In general, if you are working with pandas objects (e.g., DataFrames or Series) and need to apply a function to rows or columns of data, you should use pandas apply. If you are working with 1-dimensional NumPy arrays and need to apply a function element-wise, you should use NumPy vectorize.

# Conclusion

In conclusion, both the `apply`

function in Pandas and the `vectorize`

function in NumPy provide powerful tools for performing operations on data. However, they have some key differences that make them more suitable for different types of tasks.

`apply`

is a flexible and versatile function that can be used for applying any custom function to a DataFrame or Series, making it a great choice for more complex data manipulation tasks. On the other hand, `vectorize`

is more specialized and optimized for performing element-wise operations on arrays.
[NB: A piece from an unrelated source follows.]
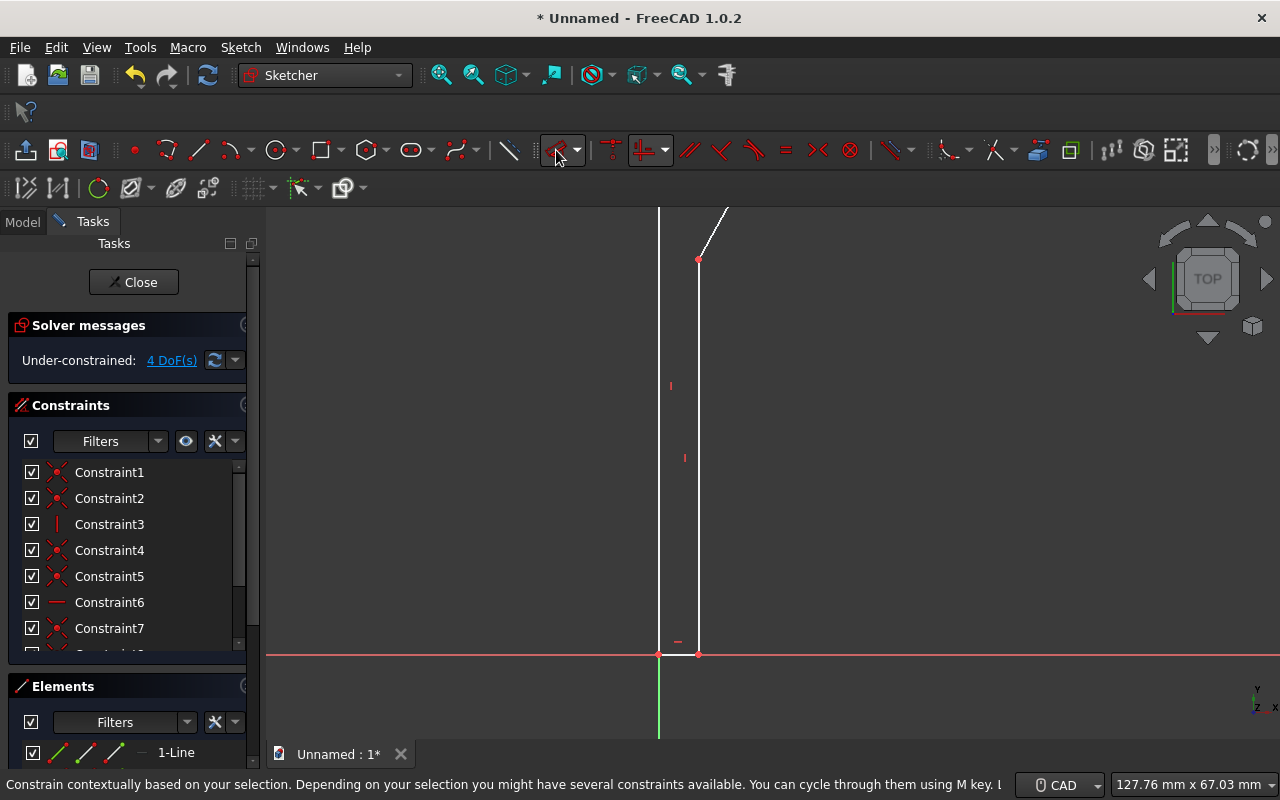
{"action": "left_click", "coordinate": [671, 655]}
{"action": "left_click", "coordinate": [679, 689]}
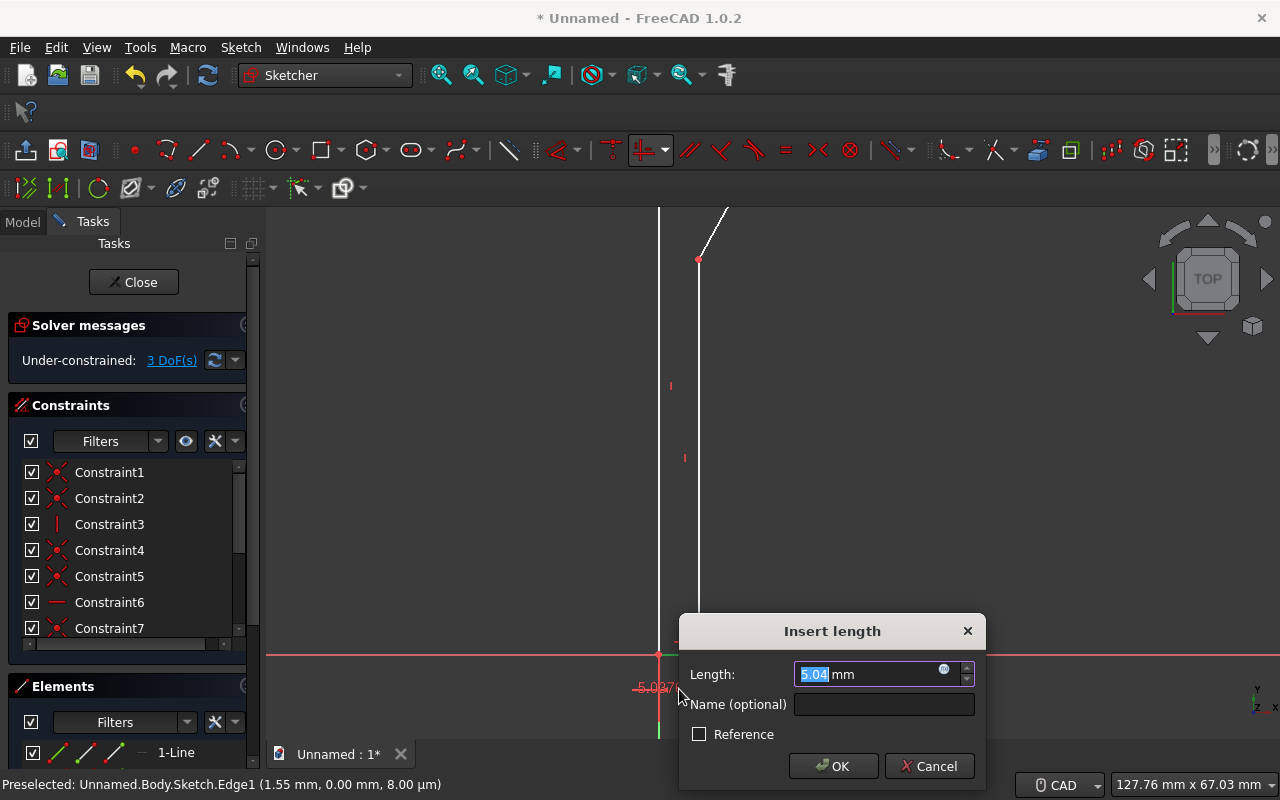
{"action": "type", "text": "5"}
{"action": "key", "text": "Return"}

This makes it a faster and more efficient choice for performing simple mathematical operations on large arrays of data.

Overall, the choice between `apply`

and `vectorize`

will depend on the specific task at hand and the type of data being used. By understanding the strengths and limitations of each function, you can select the best tool for the job and ensure that your data manipulation tasks are completed accurately and efficiently.